## What you will do
In the entries below, find the line with "table_cell 10,64 meses [834, 780, 1068, 849]" and the line with "table_cell Equipe composta"; give again those lines and every line between them, exactly.

=== Begin Enclosure ===

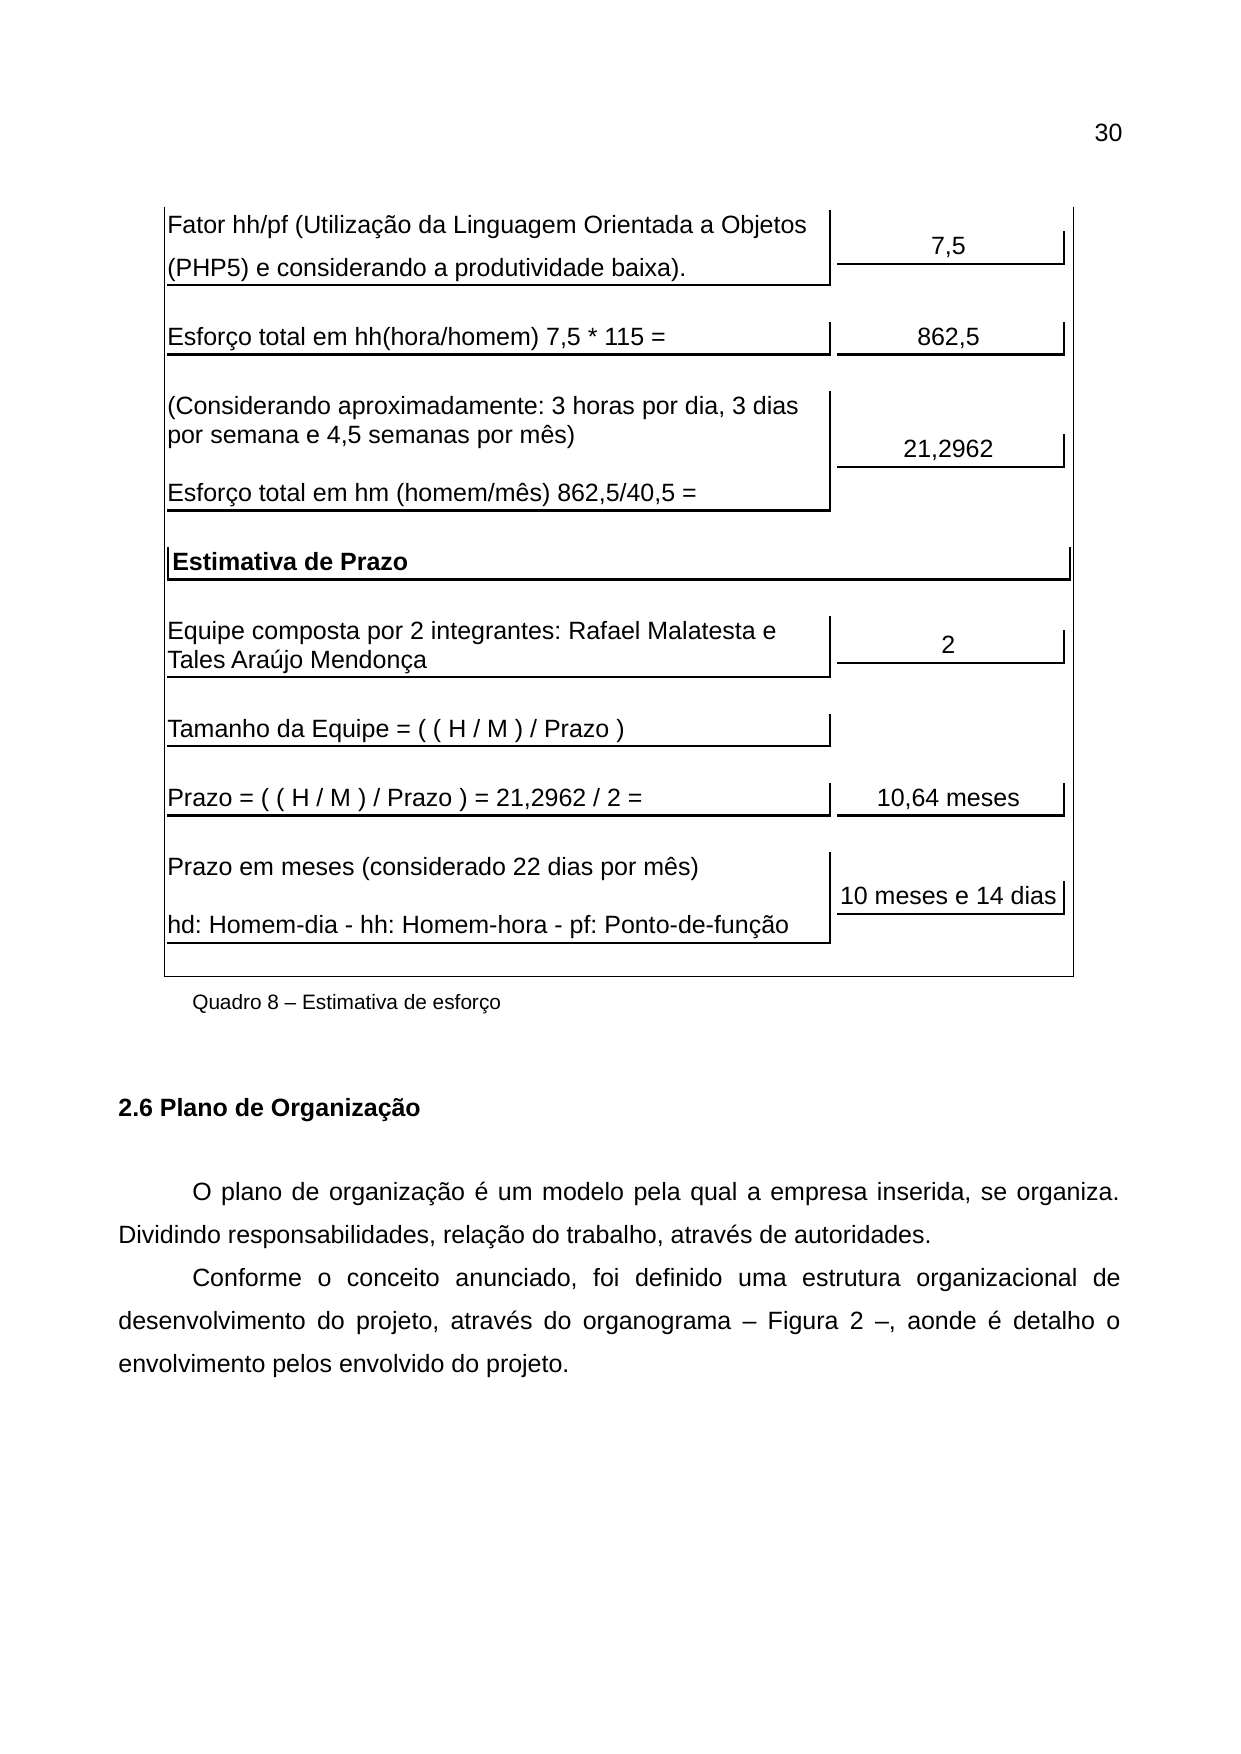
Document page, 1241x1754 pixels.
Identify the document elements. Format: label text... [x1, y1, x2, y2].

table_cell (Considerando aproximadamente: 3 horas por dia, 3 dias por semana e 4,5 semanas por mês) Esforço total em hm (homem/mês) 862,5/40,5 = [165, 388, 834, 544]
table_cell 10,64 meses [834, 780, 1068, 849]
table_cell Tamanho da Equipe = ( ( H / M ) / Prazo ) [165, 711, 834, 780]
table_cell 862,5 [834, 319, 1068, 388]
table_cell [1068, 711, 1073, 780]
table_cell Equipe composta por 2 integrantes: Rafael Malatesta e Tales Araújo Mendonça [165, 613, 834, 711]
table_cell Prazo em meses (considerado 22 dias por mês) hd: Homem-dia - hh: Homem-hora - pf: Ponto-de-função [165, 849, 834, 976]
table_cell 2 [834, 613, 1068, 711]
table_cell 21,2962 [834, 388, 1068, 544]
subtitle 2.6 Plano de Organização [118, 1092, 1122, 1121]
table_cell Fator hh/pf (Utilização da Linguagem Orientada a Objetos (PHP5) e considerando a produtividade baixa). [165, 207, 834, 319]
table_cell Estimativa de Prazo [165, 544, 1073, 613]
text Quadro 8 – Estimativa de esforço [118, 990, 1122, 1014]
table_cell [834, 711, 1068, 780]
table_cell [1068, 780, 1073, 849]
table_cell [1068, 207, 1073, 319]
table_cell 7,5 [834, 207, 1068, 319]
text O plano de organização é um modelo pela qual a empresa inserida, se organiza. Dividindo responsabilidades, relação do trabalho, através de autoridades. [118, 1177, 1122, 1249]
table_cell 10 meses e 14 dias [834, 849, 1068, 976]
table_cell [1068, 849, 1073, 976]
text Conforme o conceito anunciado, foi definido uma estrutura organizacional de desenvolvimento do projeto, através do organograma – Figura 2 –, aonde é detalho o envolvimento pelos envolvido do projeto. [118, 1263, 1122, 1378]
table_cell [1068, 319, 1073, 388]
table_cell [1068, 388, 1073, 544]
table_cell [1068, 613, 1073, 711]
table_cell Prazo = ( ( H / M ) / Prazo ) = 21,2962 / 2 = [165, 780, 834, 849]
table_cell Esforço total em hh(hora/homem) 7,5 * 115 = [165, 319, 834, 388]
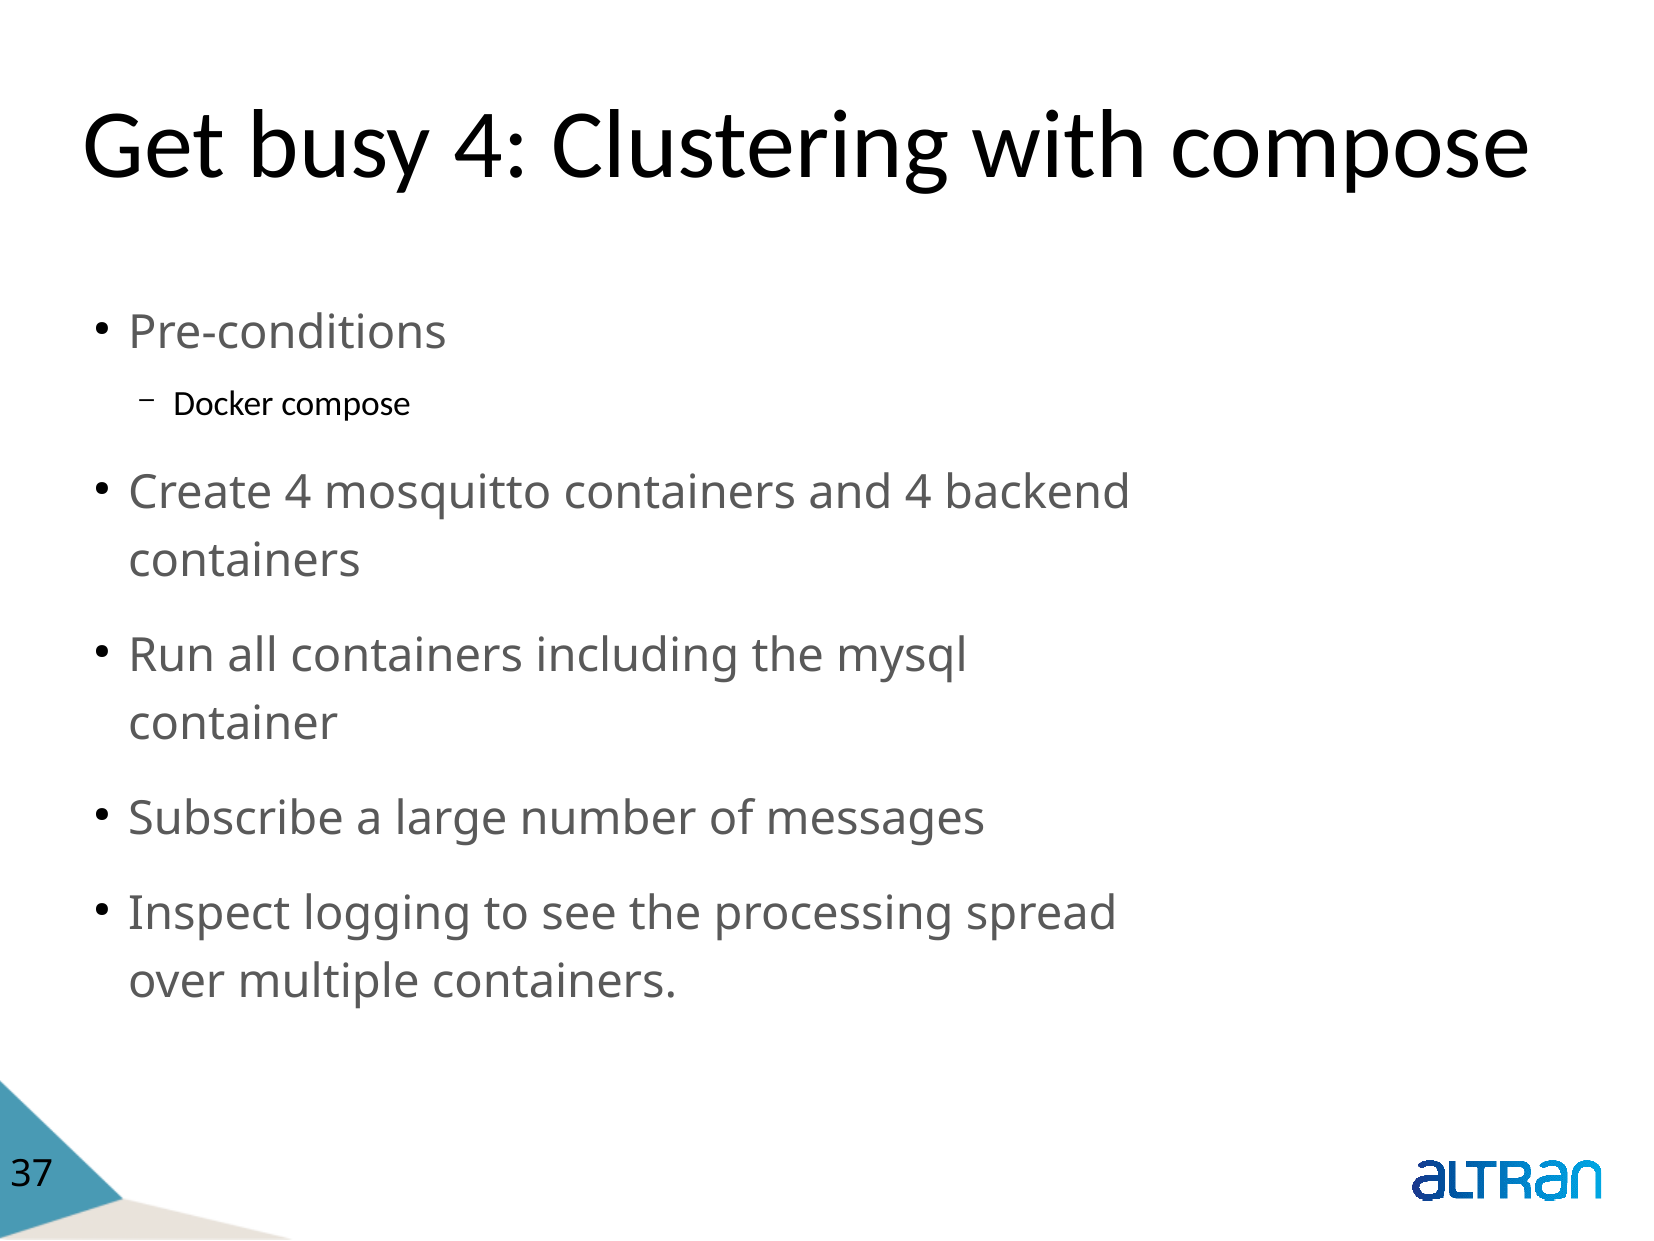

=== End Enclosure ===

## Result for this task
table_cell 10,64 meses [834, 780, 1068, 849]
table_cell Tamanho da Equipe = ( ( H / M ) / Prazo ) [165, 711, 834, 780]
table_cell 862,5 [834, 319, 1068, 388]
table_cell [1068, 711, 1073, 780]
table_cell Equipe composta por 2 integrantes: Rafael Malatesta e Tales Araújo Mendonça [165, 613, 834, 711]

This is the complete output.